(Records from a collection)
————

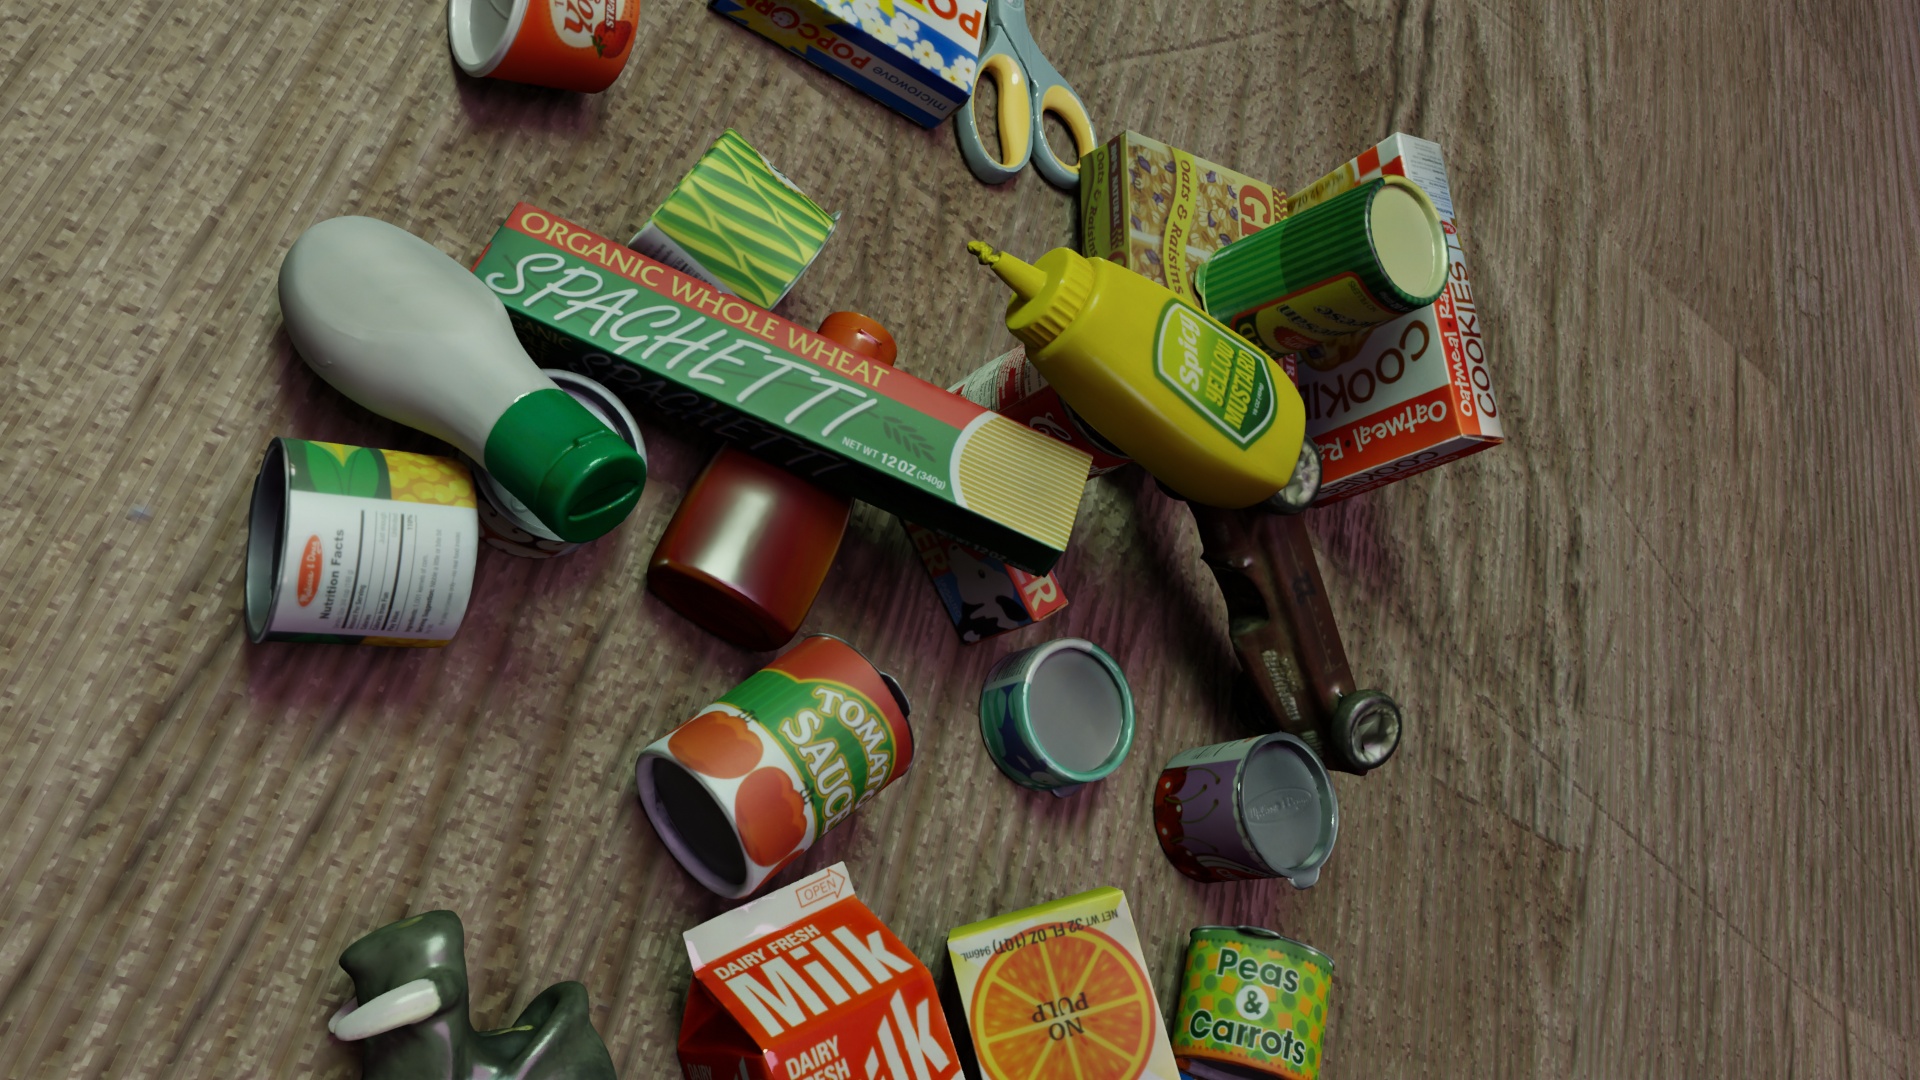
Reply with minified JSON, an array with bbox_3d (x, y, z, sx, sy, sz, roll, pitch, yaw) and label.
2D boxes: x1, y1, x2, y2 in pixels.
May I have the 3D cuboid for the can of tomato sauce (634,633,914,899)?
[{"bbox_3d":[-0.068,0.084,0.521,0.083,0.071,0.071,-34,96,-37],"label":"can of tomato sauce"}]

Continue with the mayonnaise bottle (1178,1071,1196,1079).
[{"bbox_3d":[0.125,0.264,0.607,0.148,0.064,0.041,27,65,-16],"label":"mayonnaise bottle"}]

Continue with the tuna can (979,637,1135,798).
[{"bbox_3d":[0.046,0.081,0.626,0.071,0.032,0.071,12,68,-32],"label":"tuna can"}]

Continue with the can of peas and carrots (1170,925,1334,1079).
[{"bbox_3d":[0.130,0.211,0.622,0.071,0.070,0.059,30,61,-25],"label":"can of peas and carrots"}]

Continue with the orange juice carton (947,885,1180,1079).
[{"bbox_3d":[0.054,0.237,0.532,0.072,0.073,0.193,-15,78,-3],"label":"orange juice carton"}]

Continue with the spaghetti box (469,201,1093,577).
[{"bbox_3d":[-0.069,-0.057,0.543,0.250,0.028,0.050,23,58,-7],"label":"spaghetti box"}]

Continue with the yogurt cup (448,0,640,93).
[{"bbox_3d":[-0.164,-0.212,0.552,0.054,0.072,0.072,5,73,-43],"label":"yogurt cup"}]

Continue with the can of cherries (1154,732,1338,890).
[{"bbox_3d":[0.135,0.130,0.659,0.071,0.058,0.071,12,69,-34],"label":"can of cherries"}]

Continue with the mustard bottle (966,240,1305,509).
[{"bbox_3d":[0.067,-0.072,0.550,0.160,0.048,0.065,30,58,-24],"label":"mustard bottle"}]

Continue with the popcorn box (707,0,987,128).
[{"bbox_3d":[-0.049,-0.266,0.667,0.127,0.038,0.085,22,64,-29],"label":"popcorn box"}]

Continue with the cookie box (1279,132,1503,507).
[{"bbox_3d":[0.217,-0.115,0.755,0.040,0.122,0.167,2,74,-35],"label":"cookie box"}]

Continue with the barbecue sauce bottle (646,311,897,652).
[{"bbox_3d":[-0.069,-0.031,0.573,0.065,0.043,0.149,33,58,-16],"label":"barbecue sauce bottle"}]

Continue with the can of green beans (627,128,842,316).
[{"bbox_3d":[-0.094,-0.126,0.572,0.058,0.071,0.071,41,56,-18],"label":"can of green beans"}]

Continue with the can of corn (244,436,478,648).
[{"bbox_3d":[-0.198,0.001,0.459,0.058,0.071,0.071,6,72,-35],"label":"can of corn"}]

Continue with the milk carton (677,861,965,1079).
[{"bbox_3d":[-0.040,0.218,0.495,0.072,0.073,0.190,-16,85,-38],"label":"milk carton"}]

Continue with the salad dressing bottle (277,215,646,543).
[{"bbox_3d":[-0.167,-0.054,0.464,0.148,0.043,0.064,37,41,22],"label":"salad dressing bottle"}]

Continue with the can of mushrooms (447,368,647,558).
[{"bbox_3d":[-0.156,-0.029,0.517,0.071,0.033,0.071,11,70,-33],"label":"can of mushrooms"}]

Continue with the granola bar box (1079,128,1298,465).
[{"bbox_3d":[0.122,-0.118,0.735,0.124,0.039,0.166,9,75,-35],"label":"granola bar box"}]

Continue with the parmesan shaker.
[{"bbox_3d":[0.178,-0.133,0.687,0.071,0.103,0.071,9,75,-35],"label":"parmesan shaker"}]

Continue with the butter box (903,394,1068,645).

————

:: Problem details ::
Copy, without any change, the run of lines from the one with "Continue with the can of green" through the end of the entries above.

:: Solution to this task ::
Continue with the can of green beans (627,128,842,316).
[{"bbox_3d":[-0.094,-0.126,0.572,0.058,0.071,0.071,41,56,-18],"label":"can of green beans"}]

Continue with the can of corn (244,436,478,648).
[{"bbox_3d":[-0.198,0.001,0.459,0.058,0.071,0.071,6,72,-35],"label":"can of corn"}]

Continue with the milk carton (677,861,965,1079).
[{"bbox_3d":[-0.040,0.218,0.495,0.072,0.073,0.190,-16,85,-38],"label":"milk carton"}]

Continue with the salad dressing bottle (277,215,646,543).
[{"bbox_3d":[-0.167,-0.054,0.464,0.148,0.043,0.064,37,41,22],"label":"salad dressing bottle"}]

Continue with the can of mushrooms (447,368,647,558).
[{"bbox_3d":[-0.156,-0.029,0.517,0.071,0.033,0.071,11,70,-33],"label":"can of mushrooms"}]

Continue with the granola bar box (1079,128,1298,465).
[{"bbox_3d":[0.122,-0.118,0.735,0.124,0.039,0.166,9,75,-35],"label":"granola bar box"}]

Continue with the parmesan shaker.
[{"bbox_3d":[0.178,-0.133,0.687,0.071,0.103,0.071,9,75,-35],"label":"parmesan shaker"}]

Continue with the butter box (903,394,1068,645).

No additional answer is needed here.